### Work instruction
What is needed is a faithful copy of all the entries, with no pictures in it.

Start of Supplied material

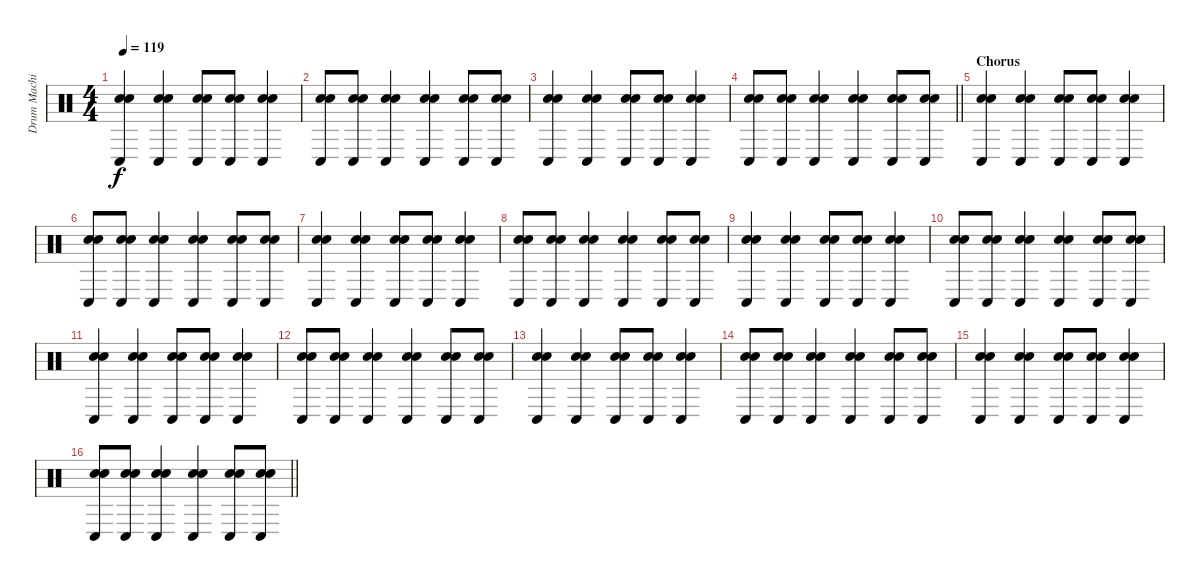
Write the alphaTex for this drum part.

\track ("Drum Machine" "Drum Machi") {instrument percussion}
\staff {score}
\articulation defaults
\ts (4 4)
\tempo 119
\clef neutral
\ks c
("Hand Clap (hit)" "Hand Clap (hit)" "Conga low (hit)").4{dy f} ("Hand Clap (hit)" "Hand Clap (hit)" "Conga low (hit)").4 ("Hand Clap (hit)" "Hand Clap (hit)" "Conga low (hit)").8 ("Hand Clap (hit)" "Hand Clap (hit)" "Conga low (hit)").8 ("Hand Clap (hit)" "Hand Clap (hit)" "Conga low (hit)").4 |
("Hand Clap (hit)" "Hand Clap (hit)" "Conga low (hit)").8 ("Hand Clap (hit)" "Hand Clap (hit)" "Conga low (hit)").8 ("Hand Clap (hit)" "Hand Clap (hit)" "Conga low (hit)").4 ("Hand Clap (hit)" "Hand Clap (hit)" "Conga low (hit)").4 ("Hand Clap (hit)" "Hand Clap (hit)" "Conga low (hit)").8 ("Hand Clap (hit)" "Hand Clap (hit)" "Conga low (hit)").8 |
("Hand Clap (hit)" "Hand Clap (hit)" "Conga low (hit)").4 ("Hand Clap (hit)" "Hand Clap (hit)" "Conga low (hit)").4 ("Hand Clap (hit)" "Hand Clap (hit)" "Conga low (hit)").8 ("Hand Clap (hit)" "Hand Clap (hit)" "Conga low (hit)").8 ("Hand Clap (hit)" "Hand Clap (hit)" "Conga low (hit)").4 |
\barLineRight lightlight
("Hand Clap (hit)" "Hand Clap (hit)" "Conga low (hit)").8 ("Hand Clap (hit)" "Hand Clap (hit)" "Conga low (hit)").8 ("Hand Clap (hit)" "Hand Clap (hit)" "Conga low (hit)").4 ("Hand Clap (hit)" "Hand Clap (hit)" "Conga low (hit)").4 ("Hand Clap (hit)" "Hand Clap (hit)" "Conga low (hit)").8 ("Hand Clap (hit)" "Hand Clap (hit)" "Conga low (hit)").8 |
\section ("" "Chorus")
("Hand Clap (hit)" "Hand Clap (hit)" "Conga low (hit)").4 ("Hand Clap (hit)" "Hand Clap (hit)" "Conga low (hit)").4 ("Hand Clap (hit)" "Hand Clap (hit)" "Conga low (hit)").8 ("Hand Clap (hit)" "Hand Clap (hit)" "Conga low (hit)").8 ("Hand Clap (hit)" "Hand Clap (hit)" "Conga low (hit)").4 |
("Hand Clap (hit)" "Hand Clap (hit)" "Conga low (hit)").8 ("Hand Clap (hit)" "Hand Clap (hit)" "Conga low (hit)").8 ("Hand Clap (hit)" "Hand Clap (hit)" "Conga low (hit)").4 ("Hand Clap (hit)" "Hand Clap (hit)" "Conga low (hit)").4 ("Hand Clap (hit)" "Hand Clap (hit)" "Conga low (hit)").8 ("Hand Clap (hit)" "Hand Clap (hit)" "Conga low (hit)").8 |
("Hand Clap (hit)" "Hand Clap (hit)" "Conga low (hit)").4 ("Hand Clap (hit)" "Hand Clap (hit)" "Conga low (hit)").4 ("Hand Clap (hit)" "Hand Clap (hit)" "Conga low (hit)").8 ("Hand Clap (hit)" "Hand Clap (hit)" "Conga low (hit)").8 ("Hand Clap (hit)" "Hand Clap (hit)" "Conga low (hit)").4 |
("Hand Clap (hit)" "Hand Clap (hit)" "Conga low (hit)").8 ("Hand Clap (hit)" "Hand Clap (hit)" "Conga low (hit)").8 ("Hand Clap (hit)" "Hand Clap (hit)" "Conga low (hit)").4 ("Hand Clap (hit)" "Hand Clap (hit)" "Conga low (hit)").4 ("Hand Clap (hit)" "Hand Clap (hit)" "Conga low (hit)").8 ("Hand Clap (hit)" "Hand Clap (hit)" "Conga low (hit)").8 |
("Hand Clap (hit)" "Hand Clap (hit)" "Conga low (hit)").4 ("Hand Clap (hit)" "Hand Clap (hit)" "Conga low (hit)").4 ("Hand Clap (hit)" "Hand Clap (hit)" "Conga low (hit)").8 ("Hand Clap (hit)" "Hand Clap (hit)" "Conga low (hit)").8 ("Hand Clap (hit)" "Hand Clap (hit)" "Conga low (hit)").4 |
("Hand Clap (hit)" "Hand Clap (hit)" "Conga low (hit)").8 ("Hand Clap (hit)" "Hand Clap (hit)" "Conga low (hit)").8 ("Hand Clap (hit)" "Hand Clap (hit)" "Conga low (hit)").4 ("Hand Clap (hit)" "Hand Clap (hit)" "Conga low (hit)").4 ("Hand Clap (hit)" "Hand Clap (hit)" "Conga low (hit)").8 ("Hand Clap (hit)" "Hand Clap (hit)" "Conga low (hit)").8 |
("Hand Clap (hit)" "Hand Clap (hit)" "Conga low (hit)").4 ("Hand Clap (hit)" "Hand Clap (hit)" "Conga low (hit)").4 ("Hand Clap (hit)" "Hand Clap (hit)" "Conga low (hit)").8 ("Hand Clap (hit)" "Hand Clap (hit)" "Conga low (hit)").8 ("Hand Clap (hit)" "Hand Clap (hit)" "Conga low (hit)").4 |
("Hand Clap (hit)" "Hand Clap (hit)" "Conga low (hit)").8 ("Hand Clap (hit)" "Hand Clap (hit)" "Conga low (hit)").8 ("Hand Clap (hit)" "Hand Clap (hit)" "Conga low (hit)").4 ("Hand Clap (hit)" "Hand Clap (hit)" "Conga low (hit)").4 ("Hand Clap (hit)" "Hand Clap (hit)" "Conga low (hit)").8 ("Hand Clap (hit)" "Hand Clap (hit)" "Conga low (hit)").8 |
("Hand Clap (hit)" "Hand Clap (hit)" "Conga low (hit)").4 ("Hand Clap (hit)" "Hand Clap (hit)" "Conga low (hit)").4 ("Hand Clap (hit)" "Hand Clap (hit)" "Conga low (hit)").8 ("Hand Clap (hit)" "Hand Clap (hit)" "Conga low (hit)").8 ("Hand Clap (hit)" "Hand Clap (hit)" "Conga low (hit)").4 |
("Hand Clap (hit)" "Hand Clap (hit)" "Conga low (hit)").8 ("Hand Clap (hit)" "Hand Clap (hit)" "Conga low (hit)").8 ("Hand Clap (hit)" "Hand Clap (hit)" "Conga low (hit)").4 ("Hand Clap (hit)" "Hand Clap (hit)" "Conga low (hit)").4 ("Hand Clap (hit)" "Hand Clap (hit)" "Conga low (hit)").8 ("Hand Clap (hit)" "Hand Clap (hit)" "Conga low (hit)").8 |
("Hand Clap (hit)" "Hand Clap (hit)" "Conga low (hit)").4 ("Hand Clap (hit)" "Hand Clap (hit)" "Conga low (hit)").4 ("Hand Clap (hit)" "Hand Clap (hit)" "Conga low (hit)").8 ("Hand Clap (hit)" "Hand Clap (hit)" "Conga low (hit)").8 ("Hand Clap (hit)" "Hand Clap (hit)" "Conga low (hit)").4 |
\barLineRight lightlight
("Hand Clap (hit)" "Hand Clap (hit)" "Conga low (hit)").8 ("Hand Clap (hit)" "Hand Clap (hit)" "Conga low (hit)").8 ("Hand Clap (hit)" "Hand Clap (hit)" "Conga low (hit)").4 ("Hand Clap (hit)" "Hand Clap (hit)" "Conga low (hit)").4 ("Hand Clap (hit)" "Hand Clap (hit)" "Conga low (hit)").8 ("Hand Clap (hit)" "Hand Clap (hit)" "Conga low (hit)").8

End of Supplied material

### Answer space
Write the alphaTex for this drum part.

\track ("Drum Machine" "Drum Machi") {instrument percussion}
\staff {score}
\articulation defaults
\ts (4 4)
\tempo 119
\clef neutral
\ks c
("Hand Clap (hit)" "Hand Clap (hit)" "Conga low (hit)").4{dy f} ("Hand Clap (hit)" "Hand Clap (hit)" "Conga low (hit)").4 ("Hand Clap (hit)" "Hand Clap (hit)" "Conga low (hit)").8 ("Hand Clap (hit)" "Hand Clap (hit)" "Conga low (hit)").8 ("Hand Clap (hit)" "Hand Clap (hit)" "Conga low (hit)").4 |
("Hand Clap (hit)" "Hand Clap (hit)" "Conga low (hit)").8 ("Hand Clap (hit)" "Hand Clap (hit)" "Conga low (hit)").8 ("Hand Clap (hit)" "Hand Clap (hit)" "Conga low (hit)").4 ("Hand Clap (hit)" "Hand Clap (hit)" "Conga low (hit)").4 ("Hand Clap (hit)" "Hand Clap (hit)" "Conga low (hit)").8 ("Hand Clap (hit)" "Hand Clap (hit)" "Conga low (hit)").8 |
("Hand Clap (hit)" "Hand Clap (hit)" "Conga low (hit)").4 ("Hand Clap (hit)" "Hand Clap (hit)" "Conga low (hit)").4 ("Hand Clap (hit)" "Hand Clap (hit)" "Conga low (hit)").8 ("Hand Clap (hit)" "Hand Clap (hit)" "Conga low (hit)").8 ("Hand Clap (hit)" "Hand Clap (hit)" "Conga low (hit)").4 |
\barLineRight lightlight
("Hand Clap (hit)" "Hand Clap (hit)" "Conga low (hit)").8 ("Hand Clap (hit)" "Hand Clap (hit)" "Conga low (hit)").8 ("Hand Clap (hit)" "Hand Clap (hit)" "Conga low (hit)").4 ("Hand Clap (hit)" "Hand Clap (hit)" "Conga low (hit)").4 ("Hand Clap (hit)" "Hand Clap (hit)" "Conga low (hit)").8 ("Hand Clap (hit)" "Hand Clap (hit)" "Conga low (hit)").8 |
\section ("" "Chorus")
("Hand Clap (hit)" "Hand Clap (hit)" "Conga low (hit)").4 ("Hand Clap (hit)" "Hand Clap (hit)" "Conga low (hit)").4 ("Hand Clap (hit)" "Hand Clap (hit)" "Conga low (hit)").8 ("Hand Clap (hit)" "Hand Clap (hit)" "Conga low (hit)").8 ("Hand Clap (hit)" "Hand Clap (hit)" "Conga low (hit)").4 |
("Hand Clap (hit)" "Hand Clap (hit)" "Conga low (hit)").8 ("Hand Clap (hit)" "Hand Clap (hit)" "Conga low (hit)").8 ("Hand Clap (hit)" "Hand Clap (hit)" "Conga low (hit)").4 ("Hand Clap (hit)" "Hand Clap (hit)" "Conga low (hit)").4 ("Hand Clap (hit)" "Hand Clap (hit)" "Conga low (hit)").8 ("Hand Clap (hit)" "Hand Clap (hit)" "Conga low (hit)").8 |
("Hand Clap (hit)" "Hand Clap (hit)" "Conga low (hit)").4 ("Hand Clap (hit)" "Hand Clap (hit)" "Conga low (hit)").4 ("Hand Clap (hit)" "Hand Clap (hit)" "Conga low (hit)").8 ("Hand Clap (hit)" "Hand Clap (hit)" "Conga low (hit)").8 ("Hand Clap (hit)" "Hand Clap (hit)" "Conga low (hit)").4 |
("Hand Clap (hit)" "Hand Clap (hit)" "Conga low (hit)").8 ("Hand Clap (hit)" "Hand Clap (hit)" "Conga low (hit)").8 ("Hand Clap (hit)" "Hand Clap (hit)" "Conga low (hit)").4 ("Hand Clap (hit)" "Hand Clap (hit)" "Conga low (hit)").4 ("Hand Clap (hit)" "Hand Clap (hit)" "Conga low (hit)").8 ("Hand Clap (hit)" "Hand Clap (hit)" "Conga low (hit)").8 |
("Hand Clap (hit)" "Hand Clap (hit)" "Conga low (hit)").4 ("Hand Clap (hit)" "Hand Clap (hit)" "Conga low (hit)").4 ("Hand Clap (hit)" "Hand Clap (hit)" "Conga low (hit)").8 ("Hand Clap (hit)" "Hand Clap (hit)" "Conga low (hit)").8 ("Hand Clap (hit)" "Hand Clap (hit)" "Conga low (hit)").4 |
("Hand Clap (hit)" "Hand Clap (hit)" "Conga low (hit)").8 ("Hand Clap (hit)" "Hand Clap (hit)" "Conga low (hit)").8 ("Hand Clap (hit)" "Hand Clap (hit)" "Conga low (hit)").4 ("Hand Clap (hit)" "Hand Clap (hit)" "Conga low (hit)").4 ("Hand Clap (hit)" "Hand Clap (hit)" "Conga low (hit)").8 ("Hand Clap (hit)" "Hand Clap (hit)" "Conga low (hit)").8 |
("Hand Clap (hit)" "Hand Clap (hit)" "Conga low (hit)").4 ("Hand Clap (hit)" "Hand Clap (hit)" "Conga low (hit)").4 ("Hand Clap (hit)" "Hand Clap (hit)" "Conga low (hit)").8 ("Hand Clap (hit)" "Hand Clap (hit)" "Conga low (hit)").8 ("Hand Clap (hit)" "Hand Clap (hit)" "Conga low (hit)").4 |
("Hand Clap (hit)" "Hand Clap (hit)" "Conga low (hit)").8 ("Hand Clap (hit)" "Hand Clap (hit)" "Conga low (hit)").8 ("Hand Clap (hit)" "Hand Clap (hit)" "Conga low (hit)").4 ("Hand Clap (hit)" "Hand Clap (hit)" "Conga low (hit)").4 ("Hand Clap (hit)" "Hand Clap (hit)" "Conga low (hit)").8 ("Hand Clap (hit)" "Hand Clap (hit)" "Conga low (hit)").8 |
("Hand Clap (hit)" "Hand Clap (hit)" "Conga low (hit)").4 ("Hand Clap (hit)" "Hand Clap (hit)" "Conga low (hit)").4 ("Hand Clap (hit)" "Hand Clap (hit)" "Conga low (hit)").8 ("Hand Clap (hit)" "Hand Clap (hit)" "Conga low (hit)").8 ("Hand Clap (hit)" "Hand Clap (hit)" "Conga low (hit)").4 |
("Hand Clap (hit)" "Hand Clap (hit)" "Conga low (hit)").8 ("Hand Clap (hit)" "Hand Clap (hit)" "Conga low (hit)").8 ("Hand Clap (hit)" "Hand Clap (hit)" "Conga low (hit)").4 ("Hand Clap (hit)" "Hand Clap (hit)" "Conga low (hit)").4 ("Hand Clap (hit)" "Hand Clap (hit)" "Conga low (hit)").8 ("Hand Clap (hit)" "Hand Clap (hit)" "Conga low (hit)").8 |
("Hand Clap (hit)" "Hand Clap (hit)" "Conga low (hit)").4 ("Hand Clap (hit)" "Hand Clap (hit)" "Conga low (hit)").4 ("Hand Clap (hit)" "Hand Clap (hit)" "Conga low (hit)").8 ("Hand Clap (hit)" "Hand Clap (hit)" "Conga low (hit)").8 ("Hand Clap (hit)" "Hand Clap (hit)" "Conga low (hit)").4 |
\barLineRight lightlight
("Hand Clap (hit)" "Hand Clap (hit)" "Conga low (hit)").8 ("Hand Clap (hit)" "Hand Clap (hit)" "Conga low (hit)").8 ("Hand Clap (hit)" "Hand Clap (hit)" "Conga low (hit)").4 ("Hand Clap (hit)" "Hand Clap (hit)" "Conga low (hit)").4 ("Hand Clap (hit)" "Hand Clap (hit)" "Conga low (hit)").8 ("Hand Clap (hit)" "Hand Clap (hit)" "Conga low (hit)").8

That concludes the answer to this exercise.